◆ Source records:
--

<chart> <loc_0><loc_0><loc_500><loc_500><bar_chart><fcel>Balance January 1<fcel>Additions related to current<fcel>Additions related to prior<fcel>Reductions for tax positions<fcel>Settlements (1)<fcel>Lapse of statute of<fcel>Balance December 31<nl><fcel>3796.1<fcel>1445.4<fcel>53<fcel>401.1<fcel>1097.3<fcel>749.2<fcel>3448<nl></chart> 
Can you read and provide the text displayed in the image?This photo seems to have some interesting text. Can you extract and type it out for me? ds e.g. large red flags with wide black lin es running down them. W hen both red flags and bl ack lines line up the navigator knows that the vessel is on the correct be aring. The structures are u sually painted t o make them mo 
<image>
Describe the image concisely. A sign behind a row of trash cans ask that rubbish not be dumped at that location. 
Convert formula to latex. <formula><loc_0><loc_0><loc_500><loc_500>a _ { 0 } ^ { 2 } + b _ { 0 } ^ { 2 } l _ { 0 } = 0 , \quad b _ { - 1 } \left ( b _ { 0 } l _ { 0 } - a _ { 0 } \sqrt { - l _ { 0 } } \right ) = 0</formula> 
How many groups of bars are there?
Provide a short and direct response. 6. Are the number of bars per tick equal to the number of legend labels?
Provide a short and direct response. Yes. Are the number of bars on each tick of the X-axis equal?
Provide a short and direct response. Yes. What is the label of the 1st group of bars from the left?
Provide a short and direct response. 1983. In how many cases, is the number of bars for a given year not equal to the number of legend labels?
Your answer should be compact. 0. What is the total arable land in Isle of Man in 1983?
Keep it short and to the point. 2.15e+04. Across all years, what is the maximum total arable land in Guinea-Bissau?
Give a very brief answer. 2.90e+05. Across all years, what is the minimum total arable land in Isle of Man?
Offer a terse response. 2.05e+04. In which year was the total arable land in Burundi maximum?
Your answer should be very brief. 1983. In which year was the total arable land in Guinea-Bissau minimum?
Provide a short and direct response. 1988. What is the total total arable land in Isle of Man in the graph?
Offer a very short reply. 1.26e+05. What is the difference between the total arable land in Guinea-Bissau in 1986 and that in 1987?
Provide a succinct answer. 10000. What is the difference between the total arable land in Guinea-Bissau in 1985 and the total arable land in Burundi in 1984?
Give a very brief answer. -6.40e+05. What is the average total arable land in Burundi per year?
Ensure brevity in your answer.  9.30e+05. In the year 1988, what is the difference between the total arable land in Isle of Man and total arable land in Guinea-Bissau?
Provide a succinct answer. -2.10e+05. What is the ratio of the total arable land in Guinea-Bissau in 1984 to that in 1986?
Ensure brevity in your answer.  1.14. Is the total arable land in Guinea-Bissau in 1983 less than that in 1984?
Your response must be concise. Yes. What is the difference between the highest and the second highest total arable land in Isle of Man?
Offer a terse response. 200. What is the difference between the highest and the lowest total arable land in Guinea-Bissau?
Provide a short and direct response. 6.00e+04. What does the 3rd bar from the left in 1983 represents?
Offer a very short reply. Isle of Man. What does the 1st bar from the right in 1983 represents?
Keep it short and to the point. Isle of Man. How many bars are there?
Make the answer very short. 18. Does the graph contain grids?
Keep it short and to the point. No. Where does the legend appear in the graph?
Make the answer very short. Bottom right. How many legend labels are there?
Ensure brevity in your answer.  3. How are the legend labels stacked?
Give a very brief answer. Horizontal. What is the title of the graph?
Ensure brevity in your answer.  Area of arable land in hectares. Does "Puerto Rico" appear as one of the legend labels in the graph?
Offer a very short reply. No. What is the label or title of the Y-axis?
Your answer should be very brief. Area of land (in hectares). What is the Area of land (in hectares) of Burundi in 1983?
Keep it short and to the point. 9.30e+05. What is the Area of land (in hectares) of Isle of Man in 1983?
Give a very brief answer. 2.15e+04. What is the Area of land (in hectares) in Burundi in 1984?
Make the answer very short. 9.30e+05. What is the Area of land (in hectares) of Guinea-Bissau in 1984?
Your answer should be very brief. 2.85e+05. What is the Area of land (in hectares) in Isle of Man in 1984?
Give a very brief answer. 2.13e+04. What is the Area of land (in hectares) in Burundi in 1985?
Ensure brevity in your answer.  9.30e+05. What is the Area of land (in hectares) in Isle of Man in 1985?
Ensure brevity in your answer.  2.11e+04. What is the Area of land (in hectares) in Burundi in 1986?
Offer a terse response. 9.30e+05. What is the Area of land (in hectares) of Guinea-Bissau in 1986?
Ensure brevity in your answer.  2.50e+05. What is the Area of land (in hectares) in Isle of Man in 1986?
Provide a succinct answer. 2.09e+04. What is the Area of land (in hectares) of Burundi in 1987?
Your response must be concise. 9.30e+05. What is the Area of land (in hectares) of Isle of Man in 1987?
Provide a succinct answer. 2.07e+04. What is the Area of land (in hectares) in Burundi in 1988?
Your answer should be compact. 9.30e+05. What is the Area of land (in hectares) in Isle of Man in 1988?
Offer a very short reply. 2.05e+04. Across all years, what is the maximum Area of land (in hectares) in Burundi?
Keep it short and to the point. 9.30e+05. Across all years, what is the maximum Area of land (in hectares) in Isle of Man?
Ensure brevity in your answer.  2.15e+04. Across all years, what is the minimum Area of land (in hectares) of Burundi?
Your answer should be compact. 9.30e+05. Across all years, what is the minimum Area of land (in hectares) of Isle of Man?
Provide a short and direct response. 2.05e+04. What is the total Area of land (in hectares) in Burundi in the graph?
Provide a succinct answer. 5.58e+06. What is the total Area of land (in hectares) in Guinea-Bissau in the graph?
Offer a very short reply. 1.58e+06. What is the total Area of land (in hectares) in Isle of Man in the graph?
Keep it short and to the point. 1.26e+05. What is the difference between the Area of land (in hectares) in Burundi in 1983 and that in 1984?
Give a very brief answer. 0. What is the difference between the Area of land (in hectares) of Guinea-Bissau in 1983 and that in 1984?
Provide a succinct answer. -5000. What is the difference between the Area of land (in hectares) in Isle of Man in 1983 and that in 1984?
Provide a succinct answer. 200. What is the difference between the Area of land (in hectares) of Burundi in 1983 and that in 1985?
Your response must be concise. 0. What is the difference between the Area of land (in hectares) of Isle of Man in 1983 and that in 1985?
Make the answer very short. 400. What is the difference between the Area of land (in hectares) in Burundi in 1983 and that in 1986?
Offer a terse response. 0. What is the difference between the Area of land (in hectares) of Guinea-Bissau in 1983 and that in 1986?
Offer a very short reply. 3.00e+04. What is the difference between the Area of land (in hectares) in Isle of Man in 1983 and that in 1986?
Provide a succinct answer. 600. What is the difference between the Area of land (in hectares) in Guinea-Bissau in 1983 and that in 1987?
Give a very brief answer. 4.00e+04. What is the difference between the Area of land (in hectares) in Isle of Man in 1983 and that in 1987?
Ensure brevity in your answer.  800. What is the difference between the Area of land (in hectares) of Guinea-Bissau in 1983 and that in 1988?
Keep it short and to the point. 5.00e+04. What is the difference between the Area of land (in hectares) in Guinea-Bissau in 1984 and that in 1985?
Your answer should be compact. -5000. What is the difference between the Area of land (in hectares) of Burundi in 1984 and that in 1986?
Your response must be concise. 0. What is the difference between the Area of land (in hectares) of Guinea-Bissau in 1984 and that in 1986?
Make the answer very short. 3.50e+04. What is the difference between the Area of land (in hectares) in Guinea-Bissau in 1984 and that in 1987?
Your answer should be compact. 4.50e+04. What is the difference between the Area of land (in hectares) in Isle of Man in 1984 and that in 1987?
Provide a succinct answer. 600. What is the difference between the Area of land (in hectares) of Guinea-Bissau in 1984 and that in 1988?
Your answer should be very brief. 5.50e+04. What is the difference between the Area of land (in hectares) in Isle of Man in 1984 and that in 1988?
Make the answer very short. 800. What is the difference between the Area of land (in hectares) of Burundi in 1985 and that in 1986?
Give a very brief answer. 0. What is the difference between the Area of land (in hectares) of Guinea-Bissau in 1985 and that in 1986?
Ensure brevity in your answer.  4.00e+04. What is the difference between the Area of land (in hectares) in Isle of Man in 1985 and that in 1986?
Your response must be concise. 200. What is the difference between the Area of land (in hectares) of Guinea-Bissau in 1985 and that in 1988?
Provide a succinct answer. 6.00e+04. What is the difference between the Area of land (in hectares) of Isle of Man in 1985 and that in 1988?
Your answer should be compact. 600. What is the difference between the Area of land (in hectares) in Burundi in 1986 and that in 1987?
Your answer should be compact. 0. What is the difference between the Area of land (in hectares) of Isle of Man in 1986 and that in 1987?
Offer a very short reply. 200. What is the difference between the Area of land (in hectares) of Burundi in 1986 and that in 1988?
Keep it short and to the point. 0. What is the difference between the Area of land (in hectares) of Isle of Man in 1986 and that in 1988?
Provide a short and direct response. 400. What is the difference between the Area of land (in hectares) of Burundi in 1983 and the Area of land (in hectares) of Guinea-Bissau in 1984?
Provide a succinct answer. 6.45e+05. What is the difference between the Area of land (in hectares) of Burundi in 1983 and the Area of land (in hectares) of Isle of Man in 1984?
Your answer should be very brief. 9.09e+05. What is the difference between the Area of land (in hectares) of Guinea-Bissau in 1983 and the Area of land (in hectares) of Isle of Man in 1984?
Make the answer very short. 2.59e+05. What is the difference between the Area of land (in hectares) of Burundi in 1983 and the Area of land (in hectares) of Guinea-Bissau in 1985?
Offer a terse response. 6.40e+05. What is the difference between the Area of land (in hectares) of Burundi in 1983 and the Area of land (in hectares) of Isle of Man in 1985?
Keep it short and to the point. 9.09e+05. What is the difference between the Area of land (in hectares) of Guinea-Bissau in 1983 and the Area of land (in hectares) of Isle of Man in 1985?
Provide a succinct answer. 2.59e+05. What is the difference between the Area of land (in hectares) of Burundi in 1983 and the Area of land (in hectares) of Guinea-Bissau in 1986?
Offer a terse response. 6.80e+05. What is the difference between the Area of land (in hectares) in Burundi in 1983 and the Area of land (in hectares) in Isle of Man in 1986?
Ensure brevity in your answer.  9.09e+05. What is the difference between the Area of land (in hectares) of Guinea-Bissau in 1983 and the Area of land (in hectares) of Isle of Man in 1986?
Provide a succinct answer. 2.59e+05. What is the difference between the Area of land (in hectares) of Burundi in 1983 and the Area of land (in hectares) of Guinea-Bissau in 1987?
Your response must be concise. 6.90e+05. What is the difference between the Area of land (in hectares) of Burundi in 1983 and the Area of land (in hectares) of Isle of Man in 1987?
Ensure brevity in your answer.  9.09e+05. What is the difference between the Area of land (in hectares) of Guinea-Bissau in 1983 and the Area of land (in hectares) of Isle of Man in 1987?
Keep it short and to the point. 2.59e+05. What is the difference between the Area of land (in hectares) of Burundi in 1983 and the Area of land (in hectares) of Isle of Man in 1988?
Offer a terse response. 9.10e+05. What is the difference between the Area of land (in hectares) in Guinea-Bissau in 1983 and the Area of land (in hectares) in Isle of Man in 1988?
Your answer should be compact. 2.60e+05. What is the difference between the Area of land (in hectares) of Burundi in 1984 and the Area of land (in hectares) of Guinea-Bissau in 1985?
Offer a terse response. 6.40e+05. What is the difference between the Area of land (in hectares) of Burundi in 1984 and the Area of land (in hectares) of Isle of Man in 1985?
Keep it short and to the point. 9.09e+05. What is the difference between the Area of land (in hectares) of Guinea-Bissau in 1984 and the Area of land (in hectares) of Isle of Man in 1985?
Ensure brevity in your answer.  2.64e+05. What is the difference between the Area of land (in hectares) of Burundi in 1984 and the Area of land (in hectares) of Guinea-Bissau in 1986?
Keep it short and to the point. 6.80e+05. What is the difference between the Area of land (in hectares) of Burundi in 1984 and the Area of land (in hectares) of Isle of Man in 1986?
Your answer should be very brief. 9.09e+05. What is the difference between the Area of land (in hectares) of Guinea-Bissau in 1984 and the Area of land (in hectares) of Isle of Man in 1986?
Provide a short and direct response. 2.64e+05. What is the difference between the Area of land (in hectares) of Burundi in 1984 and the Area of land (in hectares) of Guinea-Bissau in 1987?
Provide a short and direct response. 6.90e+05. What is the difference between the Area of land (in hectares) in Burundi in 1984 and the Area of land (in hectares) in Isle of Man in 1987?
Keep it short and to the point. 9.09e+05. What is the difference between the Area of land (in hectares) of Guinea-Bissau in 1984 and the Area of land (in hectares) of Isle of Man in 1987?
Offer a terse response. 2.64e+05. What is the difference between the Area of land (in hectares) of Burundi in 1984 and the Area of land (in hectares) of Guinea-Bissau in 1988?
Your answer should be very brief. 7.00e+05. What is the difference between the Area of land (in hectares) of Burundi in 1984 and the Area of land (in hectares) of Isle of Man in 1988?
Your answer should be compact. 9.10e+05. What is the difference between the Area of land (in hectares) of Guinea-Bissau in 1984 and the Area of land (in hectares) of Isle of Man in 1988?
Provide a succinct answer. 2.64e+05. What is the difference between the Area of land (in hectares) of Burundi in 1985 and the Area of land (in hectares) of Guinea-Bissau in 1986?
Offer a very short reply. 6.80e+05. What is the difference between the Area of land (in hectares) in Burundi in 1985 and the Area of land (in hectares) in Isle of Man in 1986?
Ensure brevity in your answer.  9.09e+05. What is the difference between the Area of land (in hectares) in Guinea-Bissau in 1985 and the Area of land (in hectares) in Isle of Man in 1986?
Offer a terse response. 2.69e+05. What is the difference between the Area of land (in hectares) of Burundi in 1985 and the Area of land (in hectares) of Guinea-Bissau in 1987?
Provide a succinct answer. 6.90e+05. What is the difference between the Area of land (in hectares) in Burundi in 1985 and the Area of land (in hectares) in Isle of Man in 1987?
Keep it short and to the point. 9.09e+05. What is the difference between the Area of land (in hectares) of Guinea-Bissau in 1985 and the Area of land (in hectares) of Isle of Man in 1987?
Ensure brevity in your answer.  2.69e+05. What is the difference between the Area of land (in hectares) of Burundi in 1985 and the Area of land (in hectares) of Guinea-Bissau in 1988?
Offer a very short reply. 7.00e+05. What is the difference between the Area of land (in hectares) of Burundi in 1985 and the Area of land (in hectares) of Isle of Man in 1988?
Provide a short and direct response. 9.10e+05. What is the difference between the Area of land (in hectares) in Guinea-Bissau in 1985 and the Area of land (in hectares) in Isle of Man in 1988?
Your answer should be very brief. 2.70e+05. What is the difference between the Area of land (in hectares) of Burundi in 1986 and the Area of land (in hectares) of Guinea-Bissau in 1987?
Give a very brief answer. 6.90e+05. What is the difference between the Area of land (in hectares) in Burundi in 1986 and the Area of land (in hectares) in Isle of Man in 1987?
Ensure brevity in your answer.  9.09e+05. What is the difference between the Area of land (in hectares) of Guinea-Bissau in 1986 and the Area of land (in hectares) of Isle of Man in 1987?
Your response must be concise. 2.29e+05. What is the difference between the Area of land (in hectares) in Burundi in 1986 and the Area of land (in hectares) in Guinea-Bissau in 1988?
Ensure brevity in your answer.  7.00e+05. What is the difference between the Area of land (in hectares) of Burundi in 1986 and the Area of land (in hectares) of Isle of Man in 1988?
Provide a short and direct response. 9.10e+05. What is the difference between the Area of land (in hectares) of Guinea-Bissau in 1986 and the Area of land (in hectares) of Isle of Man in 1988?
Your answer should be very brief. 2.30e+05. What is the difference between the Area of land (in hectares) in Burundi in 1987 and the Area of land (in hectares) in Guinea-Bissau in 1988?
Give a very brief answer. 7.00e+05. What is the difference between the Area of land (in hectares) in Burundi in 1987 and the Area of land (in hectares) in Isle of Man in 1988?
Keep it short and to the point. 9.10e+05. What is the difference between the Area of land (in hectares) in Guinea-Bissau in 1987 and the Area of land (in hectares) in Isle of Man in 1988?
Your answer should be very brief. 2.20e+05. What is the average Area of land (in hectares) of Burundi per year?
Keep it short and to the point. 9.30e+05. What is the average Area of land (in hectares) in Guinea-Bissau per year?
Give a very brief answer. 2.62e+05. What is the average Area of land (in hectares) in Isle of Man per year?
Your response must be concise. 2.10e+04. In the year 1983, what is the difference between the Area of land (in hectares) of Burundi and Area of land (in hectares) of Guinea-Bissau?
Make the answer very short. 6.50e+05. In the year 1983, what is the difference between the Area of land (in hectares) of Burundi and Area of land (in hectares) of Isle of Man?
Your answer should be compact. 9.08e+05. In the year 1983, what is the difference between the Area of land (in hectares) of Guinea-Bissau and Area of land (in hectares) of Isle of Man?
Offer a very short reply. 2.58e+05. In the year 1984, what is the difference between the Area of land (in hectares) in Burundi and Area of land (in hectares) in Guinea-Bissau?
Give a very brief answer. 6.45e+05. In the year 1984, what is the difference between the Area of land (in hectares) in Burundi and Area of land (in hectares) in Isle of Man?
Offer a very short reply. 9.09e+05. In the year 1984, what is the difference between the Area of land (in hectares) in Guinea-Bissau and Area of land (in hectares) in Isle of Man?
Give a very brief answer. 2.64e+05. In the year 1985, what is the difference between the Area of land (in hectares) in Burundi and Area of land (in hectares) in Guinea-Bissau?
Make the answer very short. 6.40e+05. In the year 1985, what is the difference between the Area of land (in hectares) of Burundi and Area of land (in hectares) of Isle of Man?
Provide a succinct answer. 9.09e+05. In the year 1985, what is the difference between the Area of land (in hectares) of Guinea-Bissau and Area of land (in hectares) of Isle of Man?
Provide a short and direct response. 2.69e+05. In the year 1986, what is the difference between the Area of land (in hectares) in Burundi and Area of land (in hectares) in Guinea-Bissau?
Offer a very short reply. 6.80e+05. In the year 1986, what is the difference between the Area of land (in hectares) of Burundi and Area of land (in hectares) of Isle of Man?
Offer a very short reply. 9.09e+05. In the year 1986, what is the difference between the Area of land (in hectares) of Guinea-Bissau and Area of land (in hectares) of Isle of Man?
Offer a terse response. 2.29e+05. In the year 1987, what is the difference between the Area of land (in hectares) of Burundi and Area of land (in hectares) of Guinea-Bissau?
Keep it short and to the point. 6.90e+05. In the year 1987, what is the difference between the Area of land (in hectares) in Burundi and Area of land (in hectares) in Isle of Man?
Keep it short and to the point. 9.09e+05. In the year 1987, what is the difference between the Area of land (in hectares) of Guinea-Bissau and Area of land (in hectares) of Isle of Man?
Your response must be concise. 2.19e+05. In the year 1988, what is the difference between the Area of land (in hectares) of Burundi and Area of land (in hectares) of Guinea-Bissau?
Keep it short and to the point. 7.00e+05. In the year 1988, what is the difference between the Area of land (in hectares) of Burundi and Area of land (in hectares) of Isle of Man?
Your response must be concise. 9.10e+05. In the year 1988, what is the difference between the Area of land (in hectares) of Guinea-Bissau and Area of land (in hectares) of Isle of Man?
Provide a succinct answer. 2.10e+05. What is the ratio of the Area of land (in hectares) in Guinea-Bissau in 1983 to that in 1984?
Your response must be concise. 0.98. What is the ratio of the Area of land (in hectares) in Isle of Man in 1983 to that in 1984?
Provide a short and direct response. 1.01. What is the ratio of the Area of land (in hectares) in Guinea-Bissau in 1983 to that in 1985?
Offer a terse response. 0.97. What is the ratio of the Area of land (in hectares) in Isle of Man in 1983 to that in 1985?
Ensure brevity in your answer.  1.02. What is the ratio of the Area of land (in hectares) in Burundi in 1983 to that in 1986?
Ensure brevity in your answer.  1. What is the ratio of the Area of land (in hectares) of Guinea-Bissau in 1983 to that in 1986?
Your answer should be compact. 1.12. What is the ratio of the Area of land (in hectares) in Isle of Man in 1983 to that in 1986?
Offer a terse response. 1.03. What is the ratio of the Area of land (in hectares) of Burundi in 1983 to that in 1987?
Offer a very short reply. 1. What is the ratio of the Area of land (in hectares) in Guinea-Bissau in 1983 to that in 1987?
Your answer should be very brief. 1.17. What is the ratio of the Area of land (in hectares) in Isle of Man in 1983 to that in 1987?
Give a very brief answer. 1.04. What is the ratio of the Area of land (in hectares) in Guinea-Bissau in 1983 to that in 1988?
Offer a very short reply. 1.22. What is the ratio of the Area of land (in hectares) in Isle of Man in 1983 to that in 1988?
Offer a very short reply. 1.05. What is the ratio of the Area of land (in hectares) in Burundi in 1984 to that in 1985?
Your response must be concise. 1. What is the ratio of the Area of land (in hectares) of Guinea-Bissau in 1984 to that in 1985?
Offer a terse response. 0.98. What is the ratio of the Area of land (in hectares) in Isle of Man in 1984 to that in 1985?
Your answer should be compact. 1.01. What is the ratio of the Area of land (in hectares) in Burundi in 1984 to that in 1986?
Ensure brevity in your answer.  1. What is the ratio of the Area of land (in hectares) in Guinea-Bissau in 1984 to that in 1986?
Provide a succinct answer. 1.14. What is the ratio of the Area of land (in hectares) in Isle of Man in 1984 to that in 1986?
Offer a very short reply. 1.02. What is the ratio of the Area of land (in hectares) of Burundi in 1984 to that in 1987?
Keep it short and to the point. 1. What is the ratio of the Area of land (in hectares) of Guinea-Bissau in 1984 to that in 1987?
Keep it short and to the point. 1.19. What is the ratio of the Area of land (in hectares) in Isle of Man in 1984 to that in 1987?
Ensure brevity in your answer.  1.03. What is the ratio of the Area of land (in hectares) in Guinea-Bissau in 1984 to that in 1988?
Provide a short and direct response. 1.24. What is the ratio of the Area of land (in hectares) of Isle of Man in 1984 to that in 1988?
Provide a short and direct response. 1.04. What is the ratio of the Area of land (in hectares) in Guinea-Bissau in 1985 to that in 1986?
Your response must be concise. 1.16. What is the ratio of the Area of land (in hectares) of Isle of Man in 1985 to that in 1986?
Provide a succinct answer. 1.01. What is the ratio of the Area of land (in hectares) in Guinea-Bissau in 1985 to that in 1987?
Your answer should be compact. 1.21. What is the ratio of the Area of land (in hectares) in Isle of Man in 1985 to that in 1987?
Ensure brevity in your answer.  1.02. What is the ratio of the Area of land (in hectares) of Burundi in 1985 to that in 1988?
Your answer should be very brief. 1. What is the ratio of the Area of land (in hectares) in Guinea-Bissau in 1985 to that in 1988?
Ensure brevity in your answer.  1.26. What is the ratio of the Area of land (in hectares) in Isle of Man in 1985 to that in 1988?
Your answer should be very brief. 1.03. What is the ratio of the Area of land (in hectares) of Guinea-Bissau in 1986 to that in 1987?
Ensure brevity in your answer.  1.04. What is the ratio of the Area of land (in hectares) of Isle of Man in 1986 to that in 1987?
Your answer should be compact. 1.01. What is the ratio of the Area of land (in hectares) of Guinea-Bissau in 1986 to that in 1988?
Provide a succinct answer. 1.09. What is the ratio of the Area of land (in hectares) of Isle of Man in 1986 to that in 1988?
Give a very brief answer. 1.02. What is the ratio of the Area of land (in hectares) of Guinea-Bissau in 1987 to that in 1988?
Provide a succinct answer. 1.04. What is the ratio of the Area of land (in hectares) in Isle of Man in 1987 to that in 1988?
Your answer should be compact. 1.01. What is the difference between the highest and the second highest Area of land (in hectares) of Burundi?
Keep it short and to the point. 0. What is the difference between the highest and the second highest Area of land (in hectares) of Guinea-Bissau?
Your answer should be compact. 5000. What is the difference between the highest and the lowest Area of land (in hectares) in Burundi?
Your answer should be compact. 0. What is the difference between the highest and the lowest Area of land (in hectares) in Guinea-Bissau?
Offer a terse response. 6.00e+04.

--

◆ ASSIGNMENT:
Copy out, exactly and alone, the lines of the entries above between the ones holding "Keep it short and to the point. No." and "Offer a very short reply. No.", inclusive.

◆ WRITTEN RESPONSE:
Keep it short and to the point. No. Where does the legend appear in the graph?
Make the answer very short. Bottom right. How many legend labels are there?
Ensure brevity in your answer.  3. How are the legend labels stacked?
Give a very brief answer. Horizontal. What is the title of the graph?
Ensure brevity in your answer.  Area of arable land in hectares. Does "Puerto Rico" appear as one of the legend labels in the graph?
Offer a very short reply. No. What is the label or title of the Y-axis?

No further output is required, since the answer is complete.